No te echo de menos, no te confundas. Eras un buen amante, cierto, pero no te necesito.Hace tiempo que la persona que más me quiere soy yo.

Eso es lo que echo de menos. Cuando decías “Te quiero”. No cuando decías “Te necesito”. Eso lo sé. Me necesita mucha gente, gente que, al final, se las apañaría muy bien sin mí.

Supongo que nadie es imprescindible, y no sé si alegrarme o entristecerme ante esta obviedad. Ni siquiera ya la necesidad me ata a este mundo, ni a ti.

Mis manos corren con vida propia por mi cuerpo, me dan un consuelo ante esta extraña sensación de seguir viva sin desearlo demasiado.

Me acarician despacio. Sé que soy yo. Ya no te necesito en mis fantasías, ni siquiera ahí estás presente, y sin embargo, a ti te dirijo estas palabras.

Otra de las contradicciones de la vida. Me gustaría que disfrutases del espectáculo. Me gustaría que entendieses como me siento. Ver y no tocar.

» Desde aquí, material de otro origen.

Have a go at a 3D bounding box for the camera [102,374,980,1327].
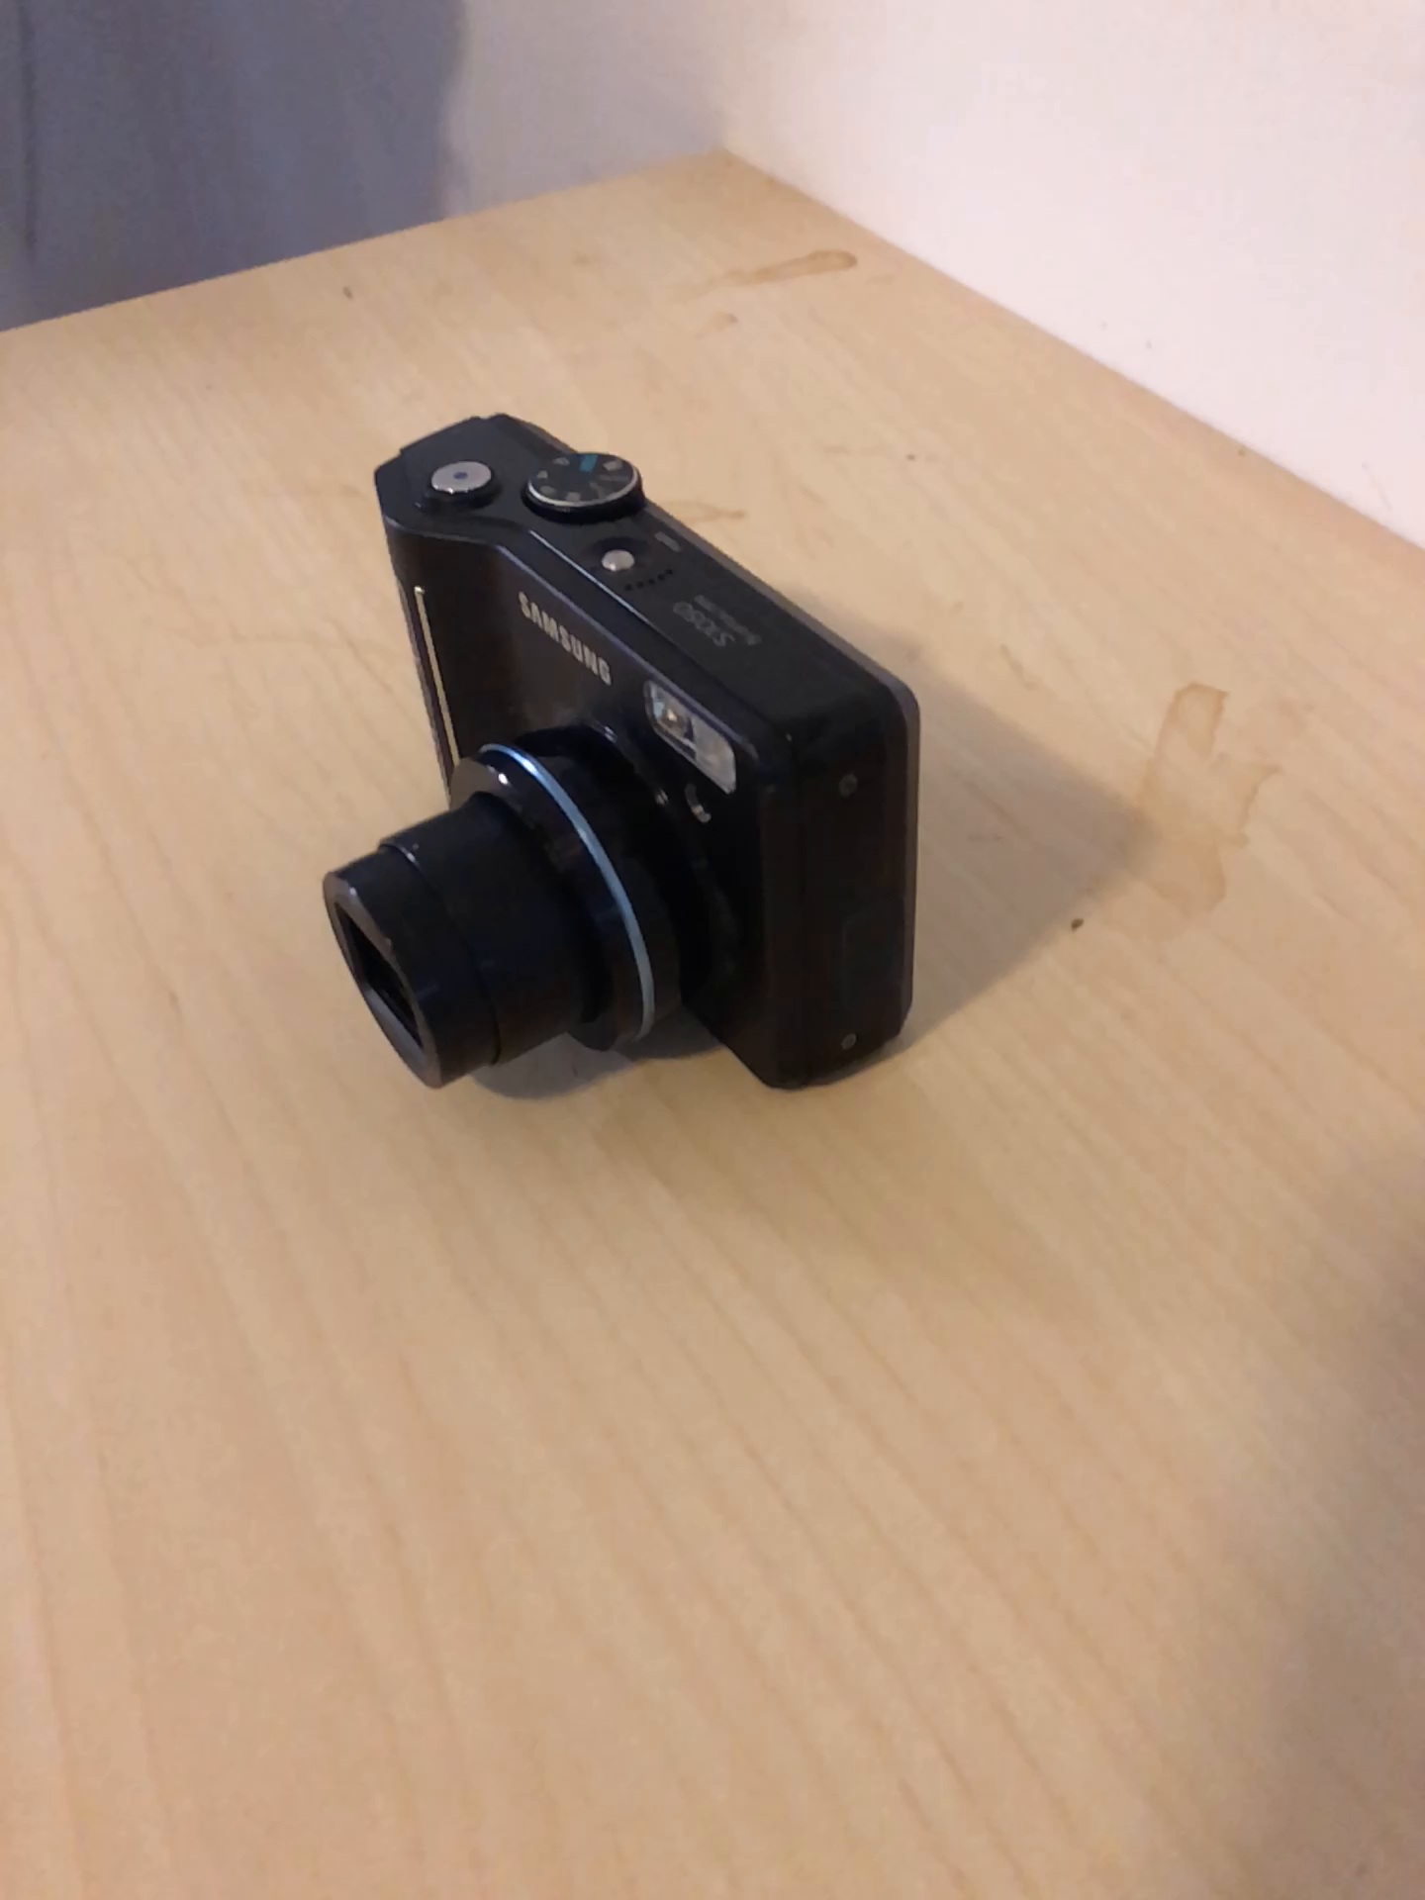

Estar cerca de lo que deseas, y no poder moverte para conseguirlo. Correr en círculos, pasar por mi lado mientras me acaricio, mientras te miro, y ni siquiera poder notar el olor que desprende mi cuerpo.

Por que me deseas aún, lo sé. Me deseas, pero no me amas. Dejaste de hacerlo cuando te diste cuenta que te echaba de menos teniéndote delante.Te imagino así, y me desnudo para ti. Mírame, estas curvas que aún te vuelven loco, las recorro milímetro a milímetro con las yemas de los dedos. Empieza el viaje en las caderas, bien formadas, lo sé, soy consciente.

Suben hasta los pechos, juegan con la aureola de color rosáceo que tantas veces lamiste, mordisqueaste y besaste como si fuese la última vez. Los caminos se separan, el tuyo y el mío, el de una mano y el de la otra.

Mientras una se queda en esos montes sagrados, la otra desciende por el vientre, trazando círculos, acelerándome la respiración, sabedora de donde terminará su marcha.Te imagino frente a mi, empalmado, sufriendo por no poder unirte a la fiesta.

 Bienvenido a mi mundo.

Mis dedos recorren suavemente la separación entre los labios, la humedad empieza a ser creciente. Mi otra mano baja en su auxilio, deleitándose por el camino con la piel suave de mi cuerpo.

Sé que te gustaría estar aquí, y eso me excita más aún si cabe.Al fin, un dedo frío encuentra el lugar prohibido para tus ojos. No lo ves, sólo puedes apreciar los efectos del masaje.Mi cuerpo se arquea sobre la superficie de la cama, el sudor aumenta, al ritmo que yo marco, los jadeos pronto se convierten en gritos de placer.Mis piernas se abren involuntariamente, dejando paso a mi amante invisible.

Uno a uno, los dedos se van colando dentro, mientras continúan las caricias. Te gustaba ese juego, lo recuerdo. El índice, se mueve en mi interior mientras pido mas. Se le une el corazón. Se mueven rápido, unos dentro, otros fuera.Tú contra mi voluntad, inmóvil. ¿Quieres entrar? ¿Quieres ocupar tu lugar?

Llegas tarde, como siempre.¿Disfrutas? No mas que yo. ¿alguna vez me has hecho correrme así? No, lo dudo.

Sabes lo que voy a hacer ahora. Sabes que me quedaré muy quieta, mirando al techo, mirándote a ti, a tu fantasma.

Desaparecerás poco a poco como el humo de mi cigarro.Con un par de veces mas, nunca volverás a ser el receptor de mis palabras, nunca te volveré a invitar a mi espectáculo.Porque, a fin de cuentas, nadie es imprescindible.